El audaz, atrevido y aventurero Orlov quedaría una vez con Tarakanova en su barco ruso luego de haberla seducido, románticamente, en la toscana y litoral ciudad italiana de Livorno. Tarakanova no pudo resistirse a sus encantos y quedaría enamorada fatídicamente. Orlov le pediría en matrimonio para convercerla aún más, de esa forma la atrajo sugestivamente a su barco, un buque ruso amarrado en el puerto livornés. Una vez en el barco, territorio ruso, ella no podría escapar. Partieron entonces hacia San Petersburgo donde la zarina Catalina la encarcelaría decidida para siempre. Fue encerrada en la primavera del año 1775 en una de las mazmorras de la fortaleza de San Pedro y San Pablo, un castillo-fortaleza situado a orillas del caudaloso y peligroso río Neva. Allí, abandonada a su suerte, padecería los momentos más terribles y angustiosos de su vida. Hasta que una tuberculosis fatal la debilitara tanto que acabara falleciendo en diciembre de aquel año.
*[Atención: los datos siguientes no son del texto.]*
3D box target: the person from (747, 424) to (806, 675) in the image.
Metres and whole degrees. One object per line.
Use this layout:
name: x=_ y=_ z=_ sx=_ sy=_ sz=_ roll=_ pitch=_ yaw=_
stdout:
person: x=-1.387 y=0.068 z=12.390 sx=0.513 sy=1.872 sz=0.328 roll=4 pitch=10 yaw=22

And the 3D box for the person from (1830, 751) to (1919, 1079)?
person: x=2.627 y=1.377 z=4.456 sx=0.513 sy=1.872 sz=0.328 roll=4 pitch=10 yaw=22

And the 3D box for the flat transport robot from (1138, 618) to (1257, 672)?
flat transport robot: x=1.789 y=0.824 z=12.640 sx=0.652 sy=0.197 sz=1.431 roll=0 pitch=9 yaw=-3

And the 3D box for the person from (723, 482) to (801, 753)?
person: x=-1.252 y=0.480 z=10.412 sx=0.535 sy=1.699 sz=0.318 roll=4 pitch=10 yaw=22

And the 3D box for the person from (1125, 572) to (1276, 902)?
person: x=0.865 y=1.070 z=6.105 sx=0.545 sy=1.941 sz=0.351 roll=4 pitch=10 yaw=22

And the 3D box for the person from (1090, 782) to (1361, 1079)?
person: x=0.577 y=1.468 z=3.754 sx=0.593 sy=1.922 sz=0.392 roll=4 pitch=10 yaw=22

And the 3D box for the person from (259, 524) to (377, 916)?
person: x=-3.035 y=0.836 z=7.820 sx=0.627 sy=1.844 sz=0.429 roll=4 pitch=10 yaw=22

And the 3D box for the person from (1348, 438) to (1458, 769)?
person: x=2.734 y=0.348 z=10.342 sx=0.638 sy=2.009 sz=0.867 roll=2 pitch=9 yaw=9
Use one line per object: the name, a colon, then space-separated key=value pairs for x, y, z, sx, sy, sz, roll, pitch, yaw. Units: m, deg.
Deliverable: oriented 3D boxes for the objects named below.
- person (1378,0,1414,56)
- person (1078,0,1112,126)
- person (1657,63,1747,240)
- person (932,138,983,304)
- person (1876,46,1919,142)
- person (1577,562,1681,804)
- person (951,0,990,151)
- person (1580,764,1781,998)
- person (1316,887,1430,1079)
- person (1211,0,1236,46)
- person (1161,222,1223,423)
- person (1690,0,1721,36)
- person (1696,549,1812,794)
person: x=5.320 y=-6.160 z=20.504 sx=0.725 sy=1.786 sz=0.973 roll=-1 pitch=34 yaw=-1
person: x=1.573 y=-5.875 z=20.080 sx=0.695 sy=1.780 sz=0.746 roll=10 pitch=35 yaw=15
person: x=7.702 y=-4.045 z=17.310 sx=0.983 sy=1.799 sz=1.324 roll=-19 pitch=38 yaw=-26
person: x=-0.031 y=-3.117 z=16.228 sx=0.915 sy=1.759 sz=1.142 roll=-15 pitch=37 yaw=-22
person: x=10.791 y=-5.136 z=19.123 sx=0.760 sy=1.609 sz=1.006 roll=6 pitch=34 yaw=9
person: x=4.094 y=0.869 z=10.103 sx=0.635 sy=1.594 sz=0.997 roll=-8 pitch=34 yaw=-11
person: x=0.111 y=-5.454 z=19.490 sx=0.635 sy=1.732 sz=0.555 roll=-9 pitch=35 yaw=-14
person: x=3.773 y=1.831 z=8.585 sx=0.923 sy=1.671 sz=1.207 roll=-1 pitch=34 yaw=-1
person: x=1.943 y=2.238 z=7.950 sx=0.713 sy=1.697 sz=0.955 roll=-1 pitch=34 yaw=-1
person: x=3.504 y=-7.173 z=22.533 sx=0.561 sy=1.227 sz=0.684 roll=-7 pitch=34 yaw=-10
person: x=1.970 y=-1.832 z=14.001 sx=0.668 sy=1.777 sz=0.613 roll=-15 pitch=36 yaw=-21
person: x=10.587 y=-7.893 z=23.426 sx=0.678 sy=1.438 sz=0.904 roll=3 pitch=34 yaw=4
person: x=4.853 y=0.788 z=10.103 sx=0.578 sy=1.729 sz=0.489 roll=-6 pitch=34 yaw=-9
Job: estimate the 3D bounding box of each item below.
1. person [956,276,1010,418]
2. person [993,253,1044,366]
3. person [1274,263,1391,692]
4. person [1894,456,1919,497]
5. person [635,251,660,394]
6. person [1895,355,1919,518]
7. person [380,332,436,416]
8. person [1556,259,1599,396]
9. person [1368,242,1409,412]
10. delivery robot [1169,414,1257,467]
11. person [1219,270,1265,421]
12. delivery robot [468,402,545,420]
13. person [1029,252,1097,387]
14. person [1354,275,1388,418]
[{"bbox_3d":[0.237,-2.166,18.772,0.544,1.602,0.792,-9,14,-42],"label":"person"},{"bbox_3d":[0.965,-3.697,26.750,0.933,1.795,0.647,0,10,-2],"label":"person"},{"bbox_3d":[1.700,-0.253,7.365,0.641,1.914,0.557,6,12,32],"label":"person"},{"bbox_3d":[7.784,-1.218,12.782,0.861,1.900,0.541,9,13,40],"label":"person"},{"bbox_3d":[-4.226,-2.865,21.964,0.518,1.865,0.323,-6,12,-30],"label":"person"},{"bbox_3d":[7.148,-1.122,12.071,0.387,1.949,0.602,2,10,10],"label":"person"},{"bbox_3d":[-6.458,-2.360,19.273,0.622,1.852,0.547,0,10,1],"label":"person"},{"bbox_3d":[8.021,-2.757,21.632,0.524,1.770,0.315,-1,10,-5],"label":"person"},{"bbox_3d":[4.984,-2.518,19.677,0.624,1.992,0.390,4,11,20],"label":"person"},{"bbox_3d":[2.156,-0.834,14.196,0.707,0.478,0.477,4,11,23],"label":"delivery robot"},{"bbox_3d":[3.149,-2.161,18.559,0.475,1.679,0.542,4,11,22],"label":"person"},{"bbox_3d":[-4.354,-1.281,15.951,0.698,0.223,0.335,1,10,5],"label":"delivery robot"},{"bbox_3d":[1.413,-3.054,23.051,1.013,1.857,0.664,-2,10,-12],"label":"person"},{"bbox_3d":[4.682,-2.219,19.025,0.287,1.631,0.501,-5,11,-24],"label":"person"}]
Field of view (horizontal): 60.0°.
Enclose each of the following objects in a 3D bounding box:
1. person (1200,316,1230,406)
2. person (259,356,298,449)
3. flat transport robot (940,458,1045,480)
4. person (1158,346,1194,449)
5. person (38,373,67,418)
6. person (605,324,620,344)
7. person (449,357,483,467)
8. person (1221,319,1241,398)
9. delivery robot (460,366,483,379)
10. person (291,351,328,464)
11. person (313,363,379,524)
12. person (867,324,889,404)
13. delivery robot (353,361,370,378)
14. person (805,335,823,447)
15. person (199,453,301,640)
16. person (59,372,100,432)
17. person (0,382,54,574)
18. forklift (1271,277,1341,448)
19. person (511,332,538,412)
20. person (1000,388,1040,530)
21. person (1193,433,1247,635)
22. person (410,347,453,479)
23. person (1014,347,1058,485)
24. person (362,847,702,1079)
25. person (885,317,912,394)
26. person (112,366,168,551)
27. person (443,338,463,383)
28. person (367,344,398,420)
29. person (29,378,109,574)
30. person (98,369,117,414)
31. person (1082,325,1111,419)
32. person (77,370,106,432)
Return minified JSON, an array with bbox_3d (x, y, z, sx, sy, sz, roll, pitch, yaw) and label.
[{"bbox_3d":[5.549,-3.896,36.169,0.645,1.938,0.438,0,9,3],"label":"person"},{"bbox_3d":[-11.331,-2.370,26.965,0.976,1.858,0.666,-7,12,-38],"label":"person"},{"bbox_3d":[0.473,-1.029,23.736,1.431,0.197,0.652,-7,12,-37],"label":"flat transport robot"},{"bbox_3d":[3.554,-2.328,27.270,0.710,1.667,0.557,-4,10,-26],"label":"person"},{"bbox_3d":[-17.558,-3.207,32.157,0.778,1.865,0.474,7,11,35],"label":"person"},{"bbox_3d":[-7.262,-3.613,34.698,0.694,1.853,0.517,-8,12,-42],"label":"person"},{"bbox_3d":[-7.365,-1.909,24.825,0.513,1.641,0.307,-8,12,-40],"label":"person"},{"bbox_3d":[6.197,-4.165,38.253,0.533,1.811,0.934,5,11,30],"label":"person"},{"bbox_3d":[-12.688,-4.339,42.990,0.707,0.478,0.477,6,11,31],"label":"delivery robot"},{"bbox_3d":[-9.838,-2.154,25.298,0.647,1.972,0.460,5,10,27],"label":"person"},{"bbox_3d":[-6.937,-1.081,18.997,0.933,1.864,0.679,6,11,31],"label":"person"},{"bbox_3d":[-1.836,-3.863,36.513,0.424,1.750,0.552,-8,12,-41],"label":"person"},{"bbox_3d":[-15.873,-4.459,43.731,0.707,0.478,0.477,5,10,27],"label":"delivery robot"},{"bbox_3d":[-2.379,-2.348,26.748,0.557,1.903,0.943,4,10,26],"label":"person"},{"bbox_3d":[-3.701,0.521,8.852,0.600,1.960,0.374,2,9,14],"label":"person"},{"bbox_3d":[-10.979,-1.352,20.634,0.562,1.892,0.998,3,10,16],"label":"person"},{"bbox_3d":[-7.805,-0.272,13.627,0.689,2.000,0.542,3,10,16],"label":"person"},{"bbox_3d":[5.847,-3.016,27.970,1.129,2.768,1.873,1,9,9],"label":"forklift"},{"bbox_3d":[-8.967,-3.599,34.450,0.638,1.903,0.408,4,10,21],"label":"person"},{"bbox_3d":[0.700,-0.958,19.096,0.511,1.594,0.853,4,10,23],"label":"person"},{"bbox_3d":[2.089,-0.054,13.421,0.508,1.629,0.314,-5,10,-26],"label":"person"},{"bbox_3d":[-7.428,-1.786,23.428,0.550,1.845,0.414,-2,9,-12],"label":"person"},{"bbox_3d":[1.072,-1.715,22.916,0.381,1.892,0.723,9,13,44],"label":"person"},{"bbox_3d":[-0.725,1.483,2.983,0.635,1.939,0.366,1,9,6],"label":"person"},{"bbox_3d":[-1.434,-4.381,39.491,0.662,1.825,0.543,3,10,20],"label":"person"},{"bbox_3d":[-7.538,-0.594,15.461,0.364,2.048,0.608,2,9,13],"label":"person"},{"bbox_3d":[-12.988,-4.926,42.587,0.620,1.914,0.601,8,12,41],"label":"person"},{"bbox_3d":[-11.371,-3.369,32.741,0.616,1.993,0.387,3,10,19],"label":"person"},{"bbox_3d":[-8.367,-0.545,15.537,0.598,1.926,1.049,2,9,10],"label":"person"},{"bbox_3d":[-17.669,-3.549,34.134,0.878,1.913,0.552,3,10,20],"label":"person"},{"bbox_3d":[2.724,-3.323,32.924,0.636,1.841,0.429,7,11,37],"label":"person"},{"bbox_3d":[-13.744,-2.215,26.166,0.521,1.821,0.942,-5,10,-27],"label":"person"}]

Sin embargo, el Romanticismo ruso del siglo XIX la retrataría orgulloso, como si de una gran heroína rusa se tratase, víctima despiadada de las veleidades y crueldades del peor absolutismo eslavo. Y el pintor romántico ruso Konstantin Flavitsky la pinta ahora subida al lecho de su cárcel rusa, en una de las crecidas más espantosas que asolara el Neva a la terrible fortaleza rusa. Entonces ella, desolada y vencida, totalmente perdida y abatida en su celda, entregaría Tarakanova su vida, sin salvación posible, a las heladas y traicioneras aguas del helado río.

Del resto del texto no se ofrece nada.